Ему вдруг стало стыдно своих слов; он спохватился и сказал:

— А по мне хоть бы и вовсе баб не было. Ну их к лешему!

Приятели оделись и пошли в павильон. Тут Самойленко был своим человеком, и для него имелась даже особая посуда. Каждое утро ему подавали на подносе чашку кофе, высокий граненый стакан с водою и со льдом и рюмку коньяку; он сначала выпивал коньяк, потом горячий кофе, потом воду со льдом, и это, должно быть, было очень вкусно, потому что после питья глаза у него становились маслеными, он обеими руками разглаживал бакены и говорил, глядя на море:

— Удивительно великолепный вид!

После долгой ночи, потраченной на невеселые, бесполезные мысли, которые мешали спать и, казалось, усиливали духоту и мрак ночи, Лаевский чувствовал себя разбитым и вялым. От купанья и кофе ему не стало лучше.

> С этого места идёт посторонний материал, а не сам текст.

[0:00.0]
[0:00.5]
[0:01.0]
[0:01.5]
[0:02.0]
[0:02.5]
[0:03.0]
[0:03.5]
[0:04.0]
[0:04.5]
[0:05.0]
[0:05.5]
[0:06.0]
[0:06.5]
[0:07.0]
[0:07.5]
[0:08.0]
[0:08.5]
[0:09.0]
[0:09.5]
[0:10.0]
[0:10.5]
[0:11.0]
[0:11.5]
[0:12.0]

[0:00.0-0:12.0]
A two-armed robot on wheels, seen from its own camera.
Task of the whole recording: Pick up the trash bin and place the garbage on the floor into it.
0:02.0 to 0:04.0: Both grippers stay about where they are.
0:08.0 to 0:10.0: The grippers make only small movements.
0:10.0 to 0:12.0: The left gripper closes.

— Будем, Александр Давидыч, продолжать наш разговор, — сказал он. — Я не буду скрывать и скажу тебе откровенно, как другу: дела мои с Надеждой Федоровной плохи… очень плохи! Извини, что я посвящаю тебя в свои тайны, но мне необходимо высказаться.

Самойленко, предчувствовавший, о чем будет речь, потупил глаза и застучал пальцами по столу.

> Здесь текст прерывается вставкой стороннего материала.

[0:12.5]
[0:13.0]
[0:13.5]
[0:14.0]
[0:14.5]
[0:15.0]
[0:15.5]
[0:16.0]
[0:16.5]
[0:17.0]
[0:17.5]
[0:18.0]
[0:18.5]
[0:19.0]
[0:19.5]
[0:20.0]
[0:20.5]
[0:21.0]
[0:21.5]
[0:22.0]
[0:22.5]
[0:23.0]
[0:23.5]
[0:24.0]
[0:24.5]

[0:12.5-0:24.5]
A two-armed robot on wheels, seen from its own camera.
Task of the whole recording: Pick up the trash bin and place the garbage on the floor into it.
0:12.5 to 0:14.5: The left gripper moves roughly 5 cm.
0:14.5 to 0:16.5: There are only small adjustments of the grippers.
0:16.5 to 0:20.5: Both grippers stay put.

— Я прожил с нею два года и разлюбил… — продолжал Лаевский, — то есть, вернее, я понял, что никакой любви не было… Эти два года были — обман.

У Лаевского была привычка во время разговора внимательно осматривать свои розовые ладони, грызть ногти или мять пальцами манжеты. И теперь он делал то же самое.

— Я отлично знаю, ты не можешь мне помочь, — сказал он, — но говорю тебе, потому что для нашего брата-неудачника и лишнего человека всё спасение в разговорах. Я должен обобщать каждый свой поступок, я должен находить объяснение и оправдание своей нелепой жизни в чьих-нибудь теориях, в литературных типах, в том, например, что мы, дворяне, вырождаемся, и прочее… В прошлую ночь, например, я утешал себя тем, что всё время думал: ах, как прав Толстой, безжалостно прав! И мне было легче от этого. В самом деле, брат, великий писатель! Что ни говори.